From the line containing "hfov=67.6deg." to the last line of the data below, copy everything exactly and nothing else; pictures stay out.

=-=-=-=-=

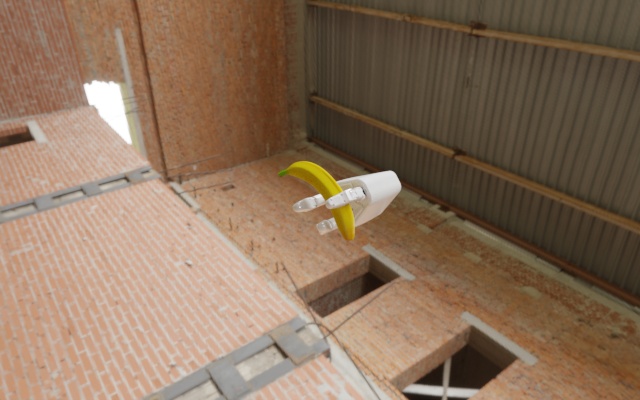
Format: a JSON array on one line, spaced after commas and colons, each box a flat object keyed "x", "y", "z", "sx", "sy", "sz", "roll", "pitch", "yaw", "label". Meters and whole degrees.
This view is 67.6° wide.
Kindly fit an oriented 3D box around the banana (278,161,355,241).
[{"x": 0.007, "y": -0.013, "z": 0.891, "sx": 0.197, "sy": 0.070, "sz": 0.037, "roll": 44, "pitch": 31, "yaw": 20, "label": "banana"}]
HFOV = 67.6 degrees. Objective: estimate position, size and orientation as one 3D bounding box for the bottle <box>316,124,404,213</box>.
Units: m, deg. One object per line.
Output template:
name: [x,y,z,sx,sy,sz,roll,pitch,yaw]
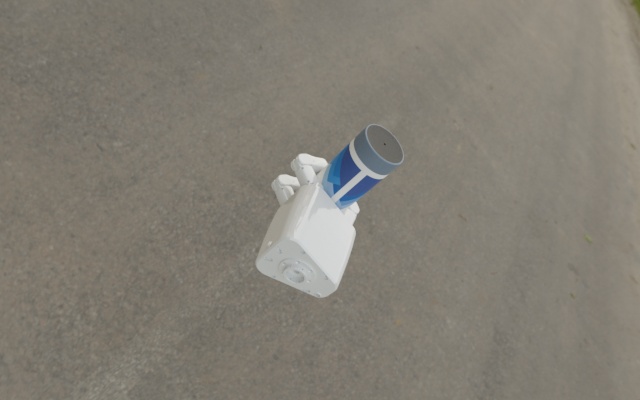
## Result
bottle: [0.000,0.002,0.716,0.069,0.069,0.296,0,-31,-42]
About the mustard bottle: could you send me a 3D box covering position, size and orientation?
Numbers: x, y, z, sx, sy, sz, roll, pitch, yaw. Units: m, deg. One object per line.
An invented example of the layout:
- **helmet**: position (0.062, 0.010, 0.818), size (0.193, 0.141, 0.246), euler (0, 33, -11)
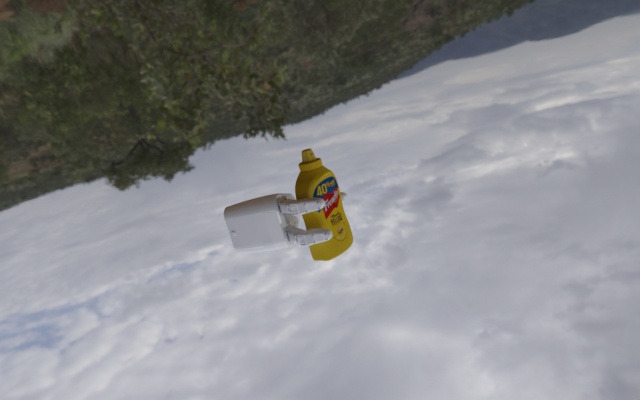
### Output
- **mustard bottle**: position (0.000, 0.003, 0.839), size (0.058, 0.192, 0.096), euler (-4, 18, 40)
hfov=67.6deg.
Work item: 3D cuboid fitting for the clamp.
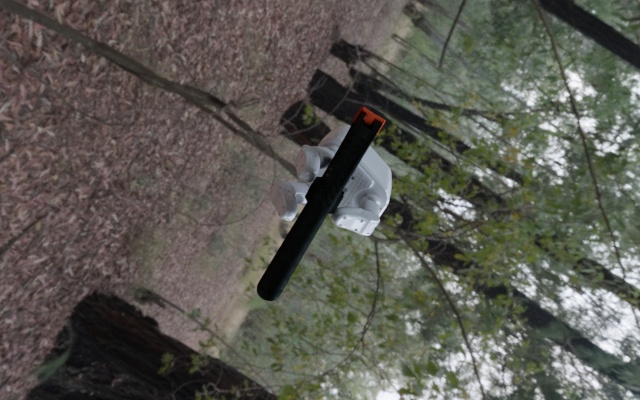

=-=-=-=-=

- _ANSWER TO THIS EXERCISE_
hfov=67.6deg.
Work item: 3D cuboid fitting for the clamp.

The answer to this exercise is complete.